I cannot give assurances as to the complete accuracy of any of the

recollections, claims, and counterclaims contained in the prior para., but

if the issue interests you I would bet that there's a good deal of material

available concerning this topic both on and off the web.

Best, Greg Downing



Greg Downing, at greg.downing@nyu.edu or gd2@is2.nyu.edu



___________________________________________________________________

Date: Fri, 25 Aug 2000 13:28:02 -0700 (PDT)

From: Lisa Diguardi <diguardi@yahoo.com>

Subject: Re: Abraham Lincoln

I believe you are talking about Larry Kramer.

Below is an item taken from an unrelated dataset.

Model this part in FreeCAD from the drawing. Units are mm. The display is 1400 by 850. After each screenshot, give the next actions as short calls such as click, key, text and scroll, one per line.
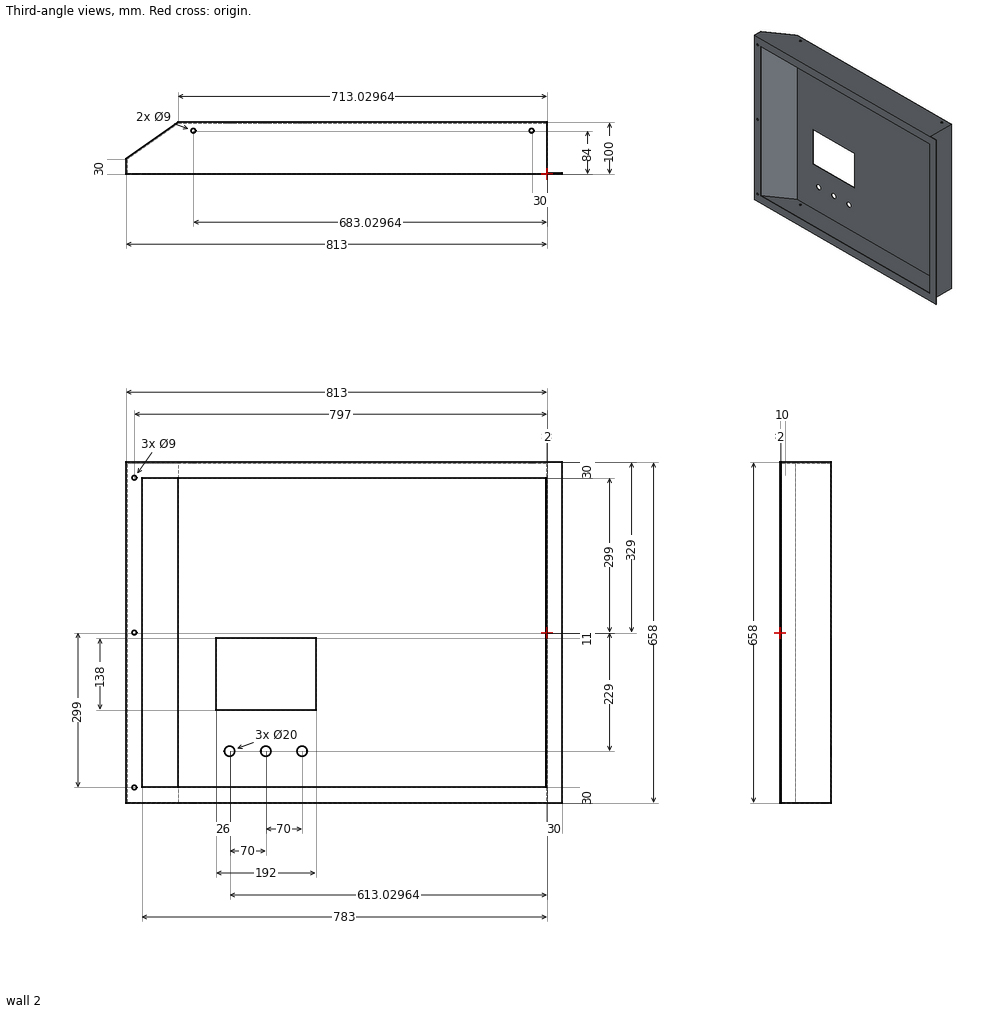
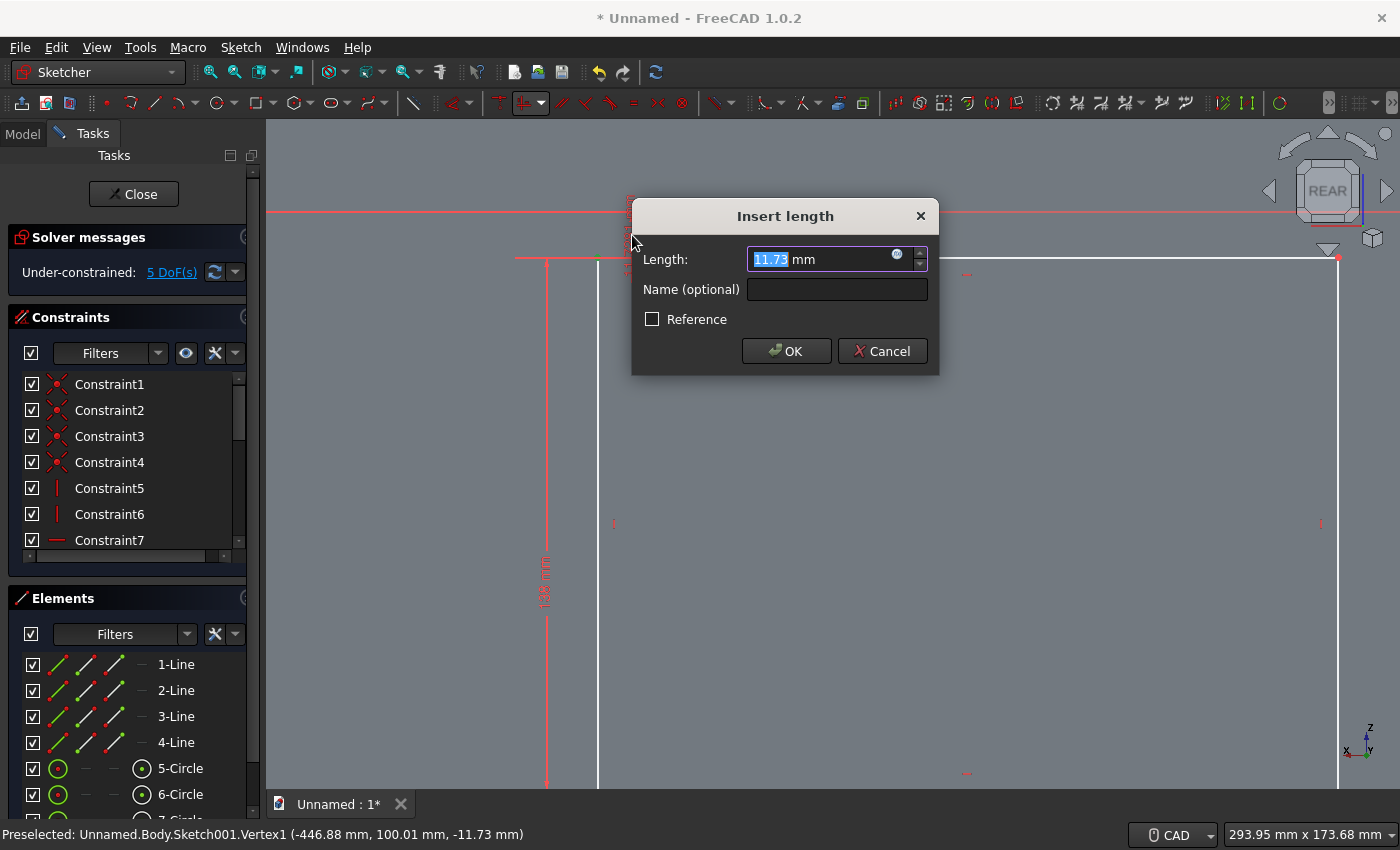
text(11)
key(Return)
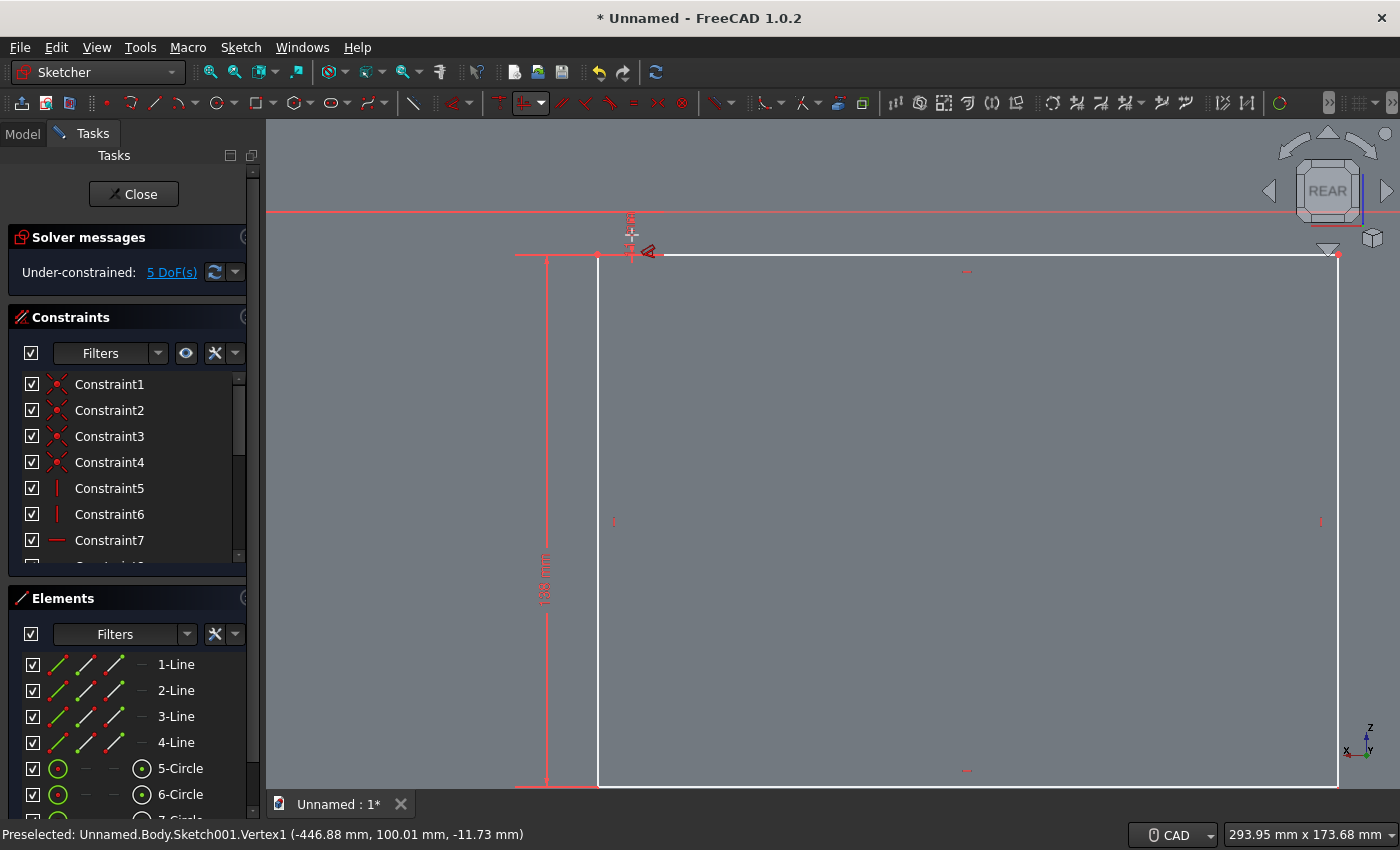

To the best of my

knowledge, he is not a historian but an activist and playwright.

I, too, was very skeptical about his claims.

-Lisa Diguardi

___________________________________________________________________Date: Sat, 26 Aug 2000 08:13:08 +0200

From: Jens =?iso-8859-1?Q?Rydstr=F6m?= <jens.rydstrom@historia.su.se>

Subject: Re: Abraham Lincoln

Leila Rupp writes in her "A Desired Past" (U of Chicago Press 1999), p 48:

"The revelation that Abraham Lincoln shared a double bed (and his most

private thoughts) with general store proprietor Joshua Speed as he started

out on his illustrious career in Springfield, Illinois, has attracted a

great deal of attention, leding on the one hand to claims that this means

he was "gay" and on the other to attempts to use this piece of history to

raise awareness of the different ways that male intimacy could be expressed

in the past." And in the note she refers to

David Herbert Donald, Lincoln (New York, Simon and Schuster 1995)

and

George Chauncey, "The Ridicule of Gay and Lesbian Studies Threatens All

Academic Inquiry." Chronicle of Higher Education 44, no. 43:A40 (1998).

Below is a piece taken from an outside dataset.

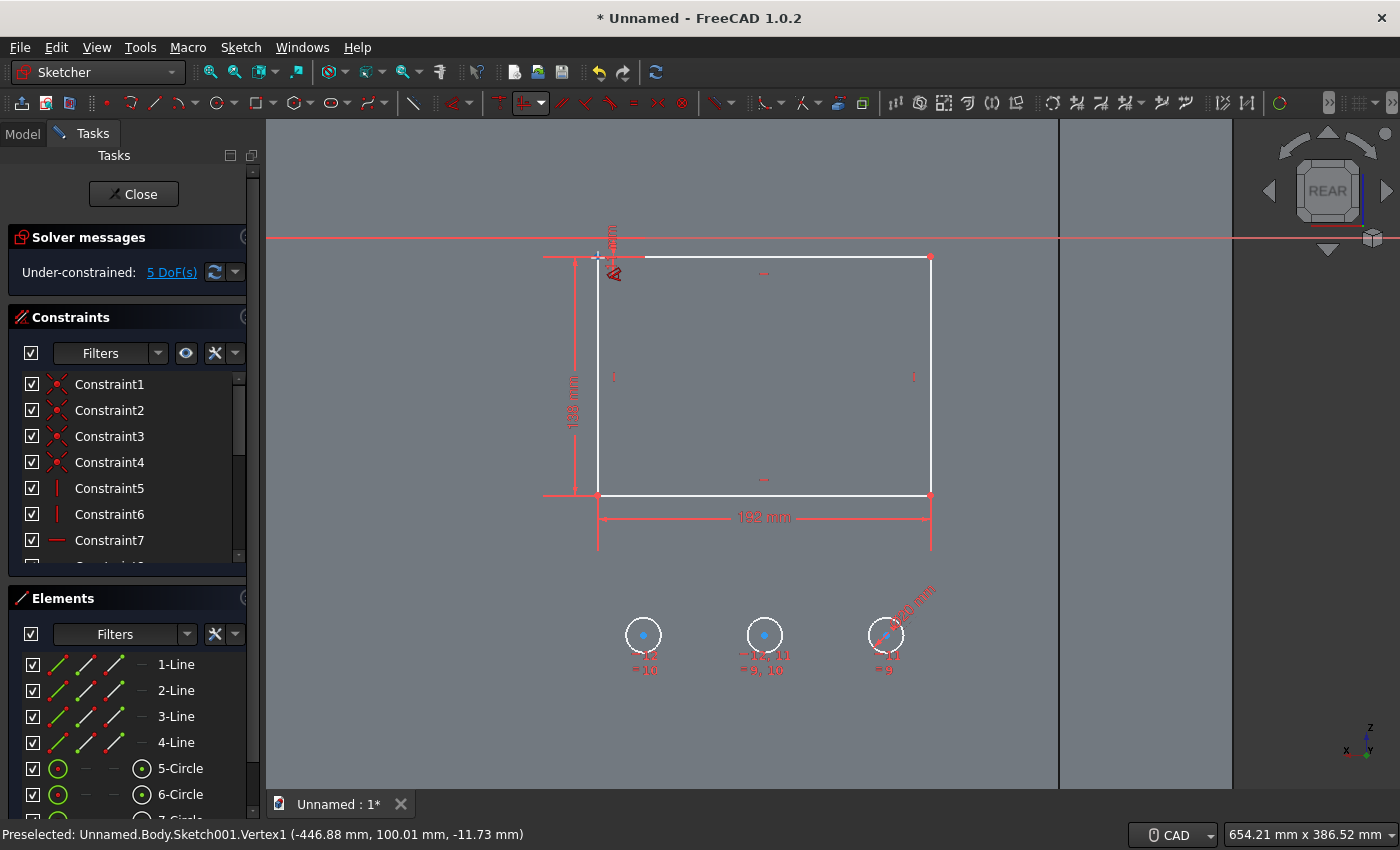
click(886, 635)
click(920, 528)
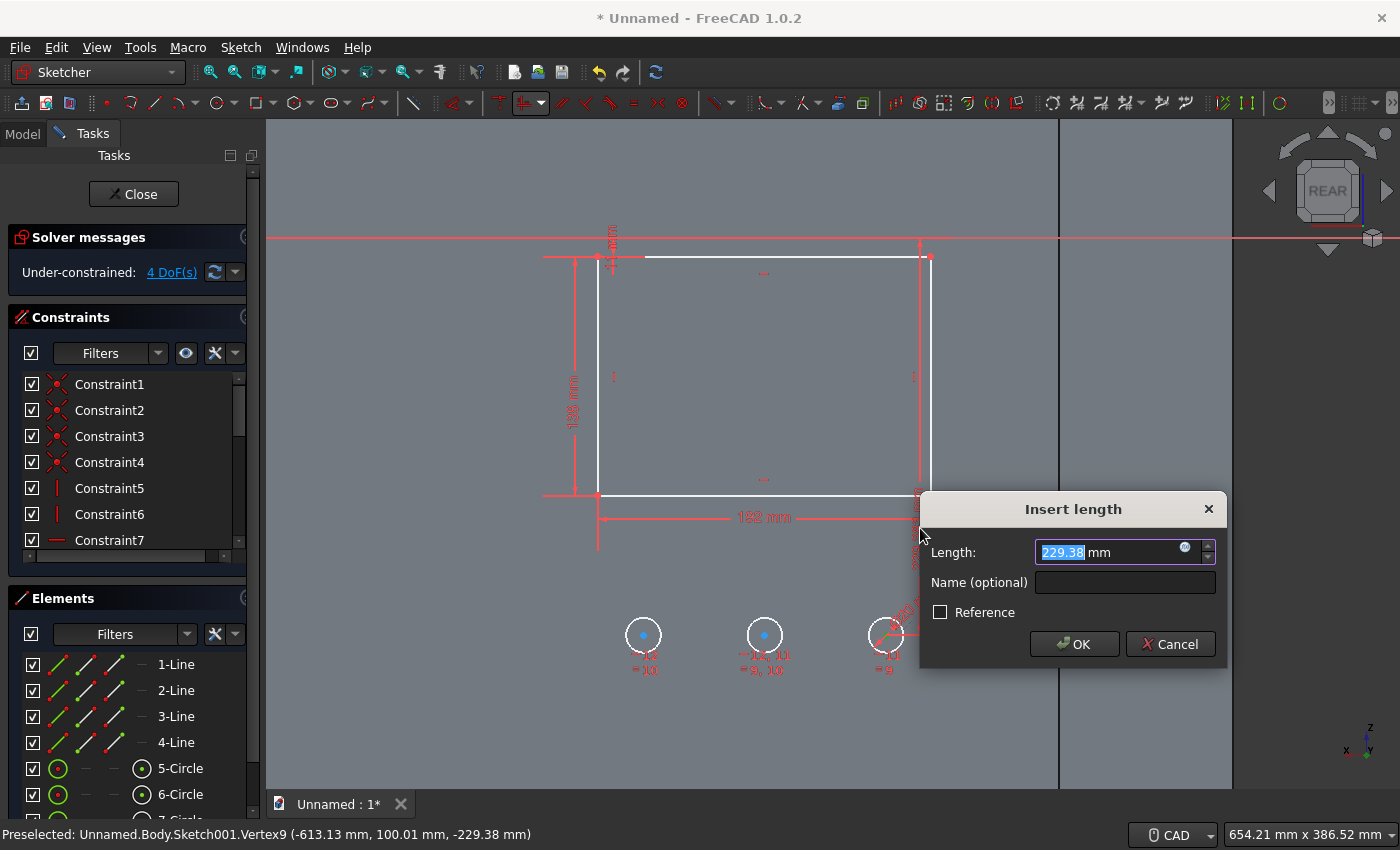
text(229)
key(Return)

I remember that the thing was discussed in New York Times in connection

with a conference on Gay and Lesbian History in New York, October 7-8th

1995. George Chauncey was interviewed and made the point that the question

whether Lincoln was homosexual or heterosexual was not possible to answer.

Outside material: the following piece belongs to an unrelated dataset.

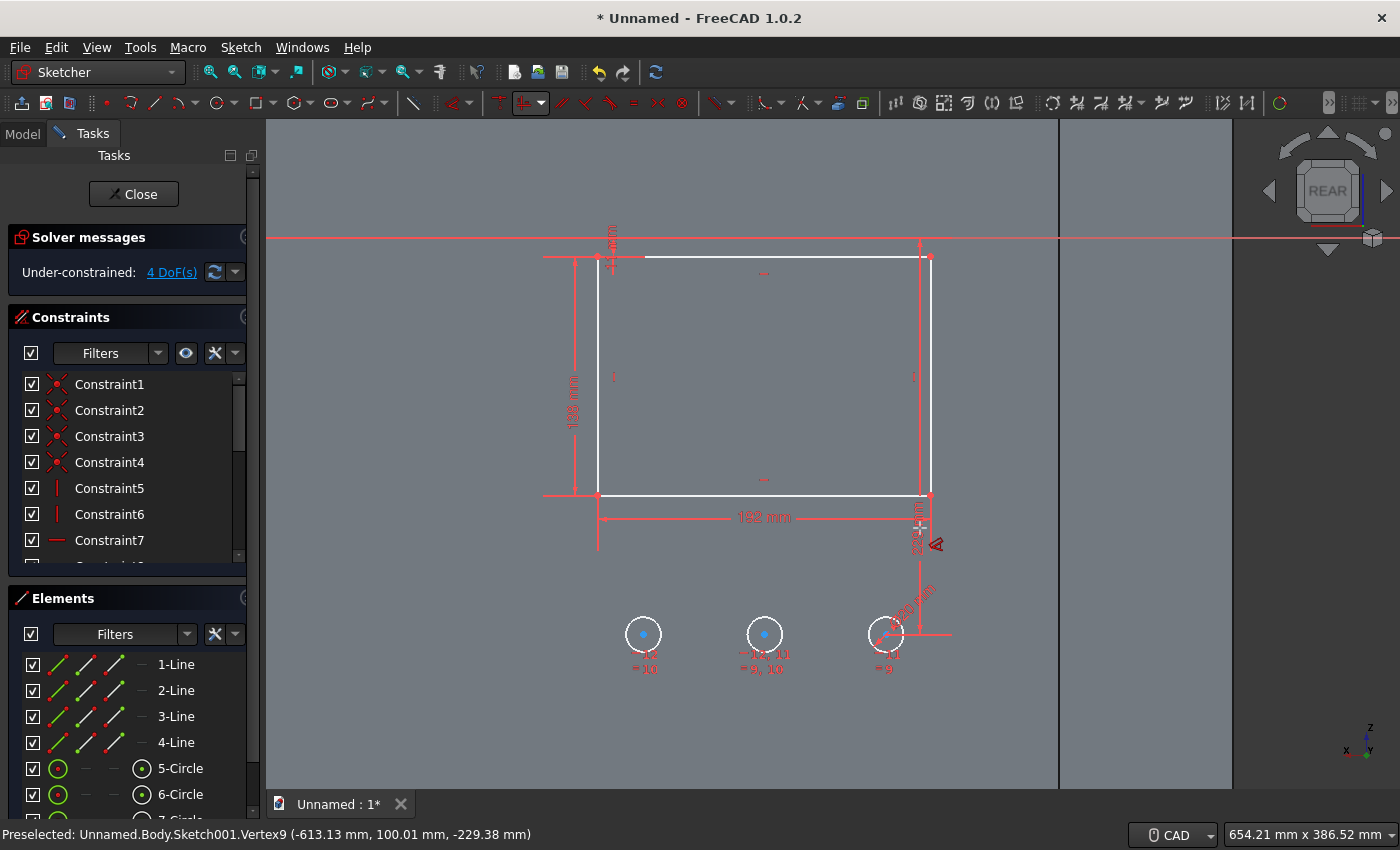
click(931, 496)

Chauncey claimed that he was neither, meaning that these concepts were not

invented at that time. The article should be in NYT sometimes during the

first week of October, 1995.

Jens



Jens Rydström tel: +46-8-84 50 60 (h)

Dept of History tel: +46-8-674 71 05 (w)

Stockholm University fax: +46-8-16 75 48 (w)

S-106 91 Stockholm

Sweden

jens.rydstrom@historia.su.se

http://www.historia.su.se/safari/artiklar/rydstrom.htm



___________________________________________________________________From: "Rictor Norton" <norton@rictor.freeserve.co.uk>

Subject: Re: Abraham Lincoln

Date: Sat, 26 Aug 2000 12:16:25 +0100



Although there are "recent" references to the relationship between Abraham

Lincoln and Joshua Fry Speed, I think they derive from the article by

Charley Shively "Big Buck & Big Lick: Lincoln & Whitman" which was published

in his book _Drum Beats: Walt Whitman's Civil War Boy Lovers_ published by

Gay Sunshine Press in 1989. The article may have been published earlier in

another source.

For a period of four years the two men slept together in the same bed, which

Speed offered to share with Lincoln because Lincoln could not afford to live

anywhere else at the time. Their friendship was very close for those four

years. They separated when Speed had to go off to deal with matters arising

from the death of his father; at that time Speed's family seems to have

coerced him into getting married; Lincoln then seems to have had a nervous

breakdown, and he also got married, perhaps in a manner analogous to an "on

the rebound" situation. Lincoln was a big rough uneducated man and Speed was

a small delicate artistocratic type man; the men alluded to the way they

made a "match", which does fit a masculine/feminine bonding pattern that is

not uncommon. Contemporary biographers apparently agree that Speed was

Lincoln's only intimate friend, and that there were problems about lack of

easy intimacy in Lincoln's relations with his wife and women in general.

After marriage, Lincoln as a travelling circuit lawyer frequently slept with

other men, and apparently did not arrange things so he could be home with

his wife as often as other circuit lawyers tried to arrange their circuits.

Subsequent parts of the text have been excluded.